Activity |
Pictures do not belong in the copy. Return all of the entries exactly.

::: Provided data

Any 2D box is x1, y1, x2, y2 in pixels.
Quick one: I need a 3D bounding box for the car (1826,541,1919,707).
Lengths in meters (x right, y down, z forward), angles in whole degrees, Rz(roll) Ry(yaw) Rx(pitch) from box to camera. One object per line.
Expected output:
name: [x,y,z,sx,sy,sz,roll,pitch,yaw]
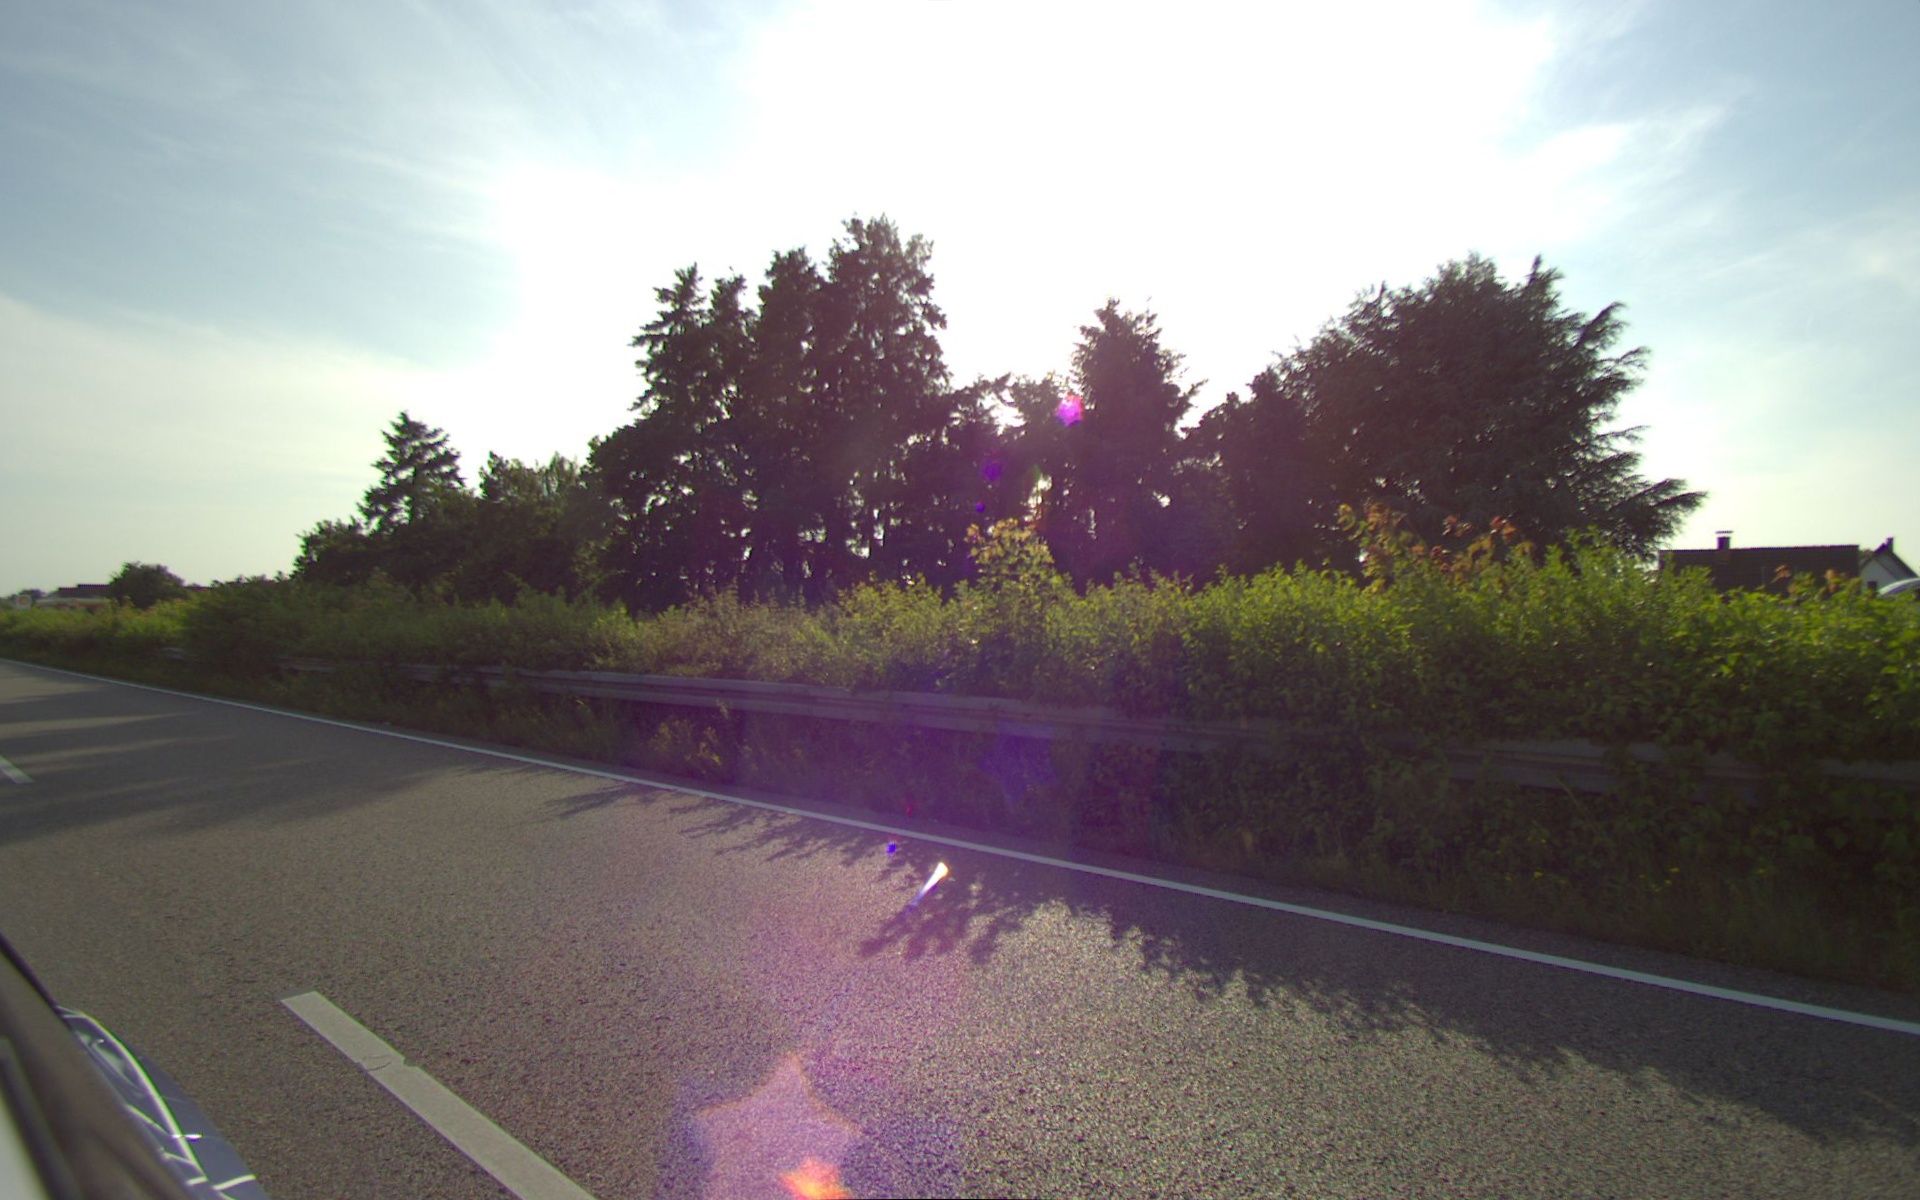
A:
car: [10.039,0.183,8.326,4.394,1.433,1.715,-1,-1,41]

::::::

Solved exercise |
Any 2D box is x1, y1, x2, y2 in pixels.
Quick one: I need a 3D bounding box for the car (1826,541,1919,707).
Lengths in meters (x right, y down, z forward), angles in whole degrees, Rz(roll) Ry(yaw) Rx(pitch) from box to camera. One object per line.
Expected output:
name: [x,y,z,sx,sy,sz,roll,pitch,yaw]
A:
car: [10.039,0.183,8.326,4.394,1.433,1.715,-1,-1,41]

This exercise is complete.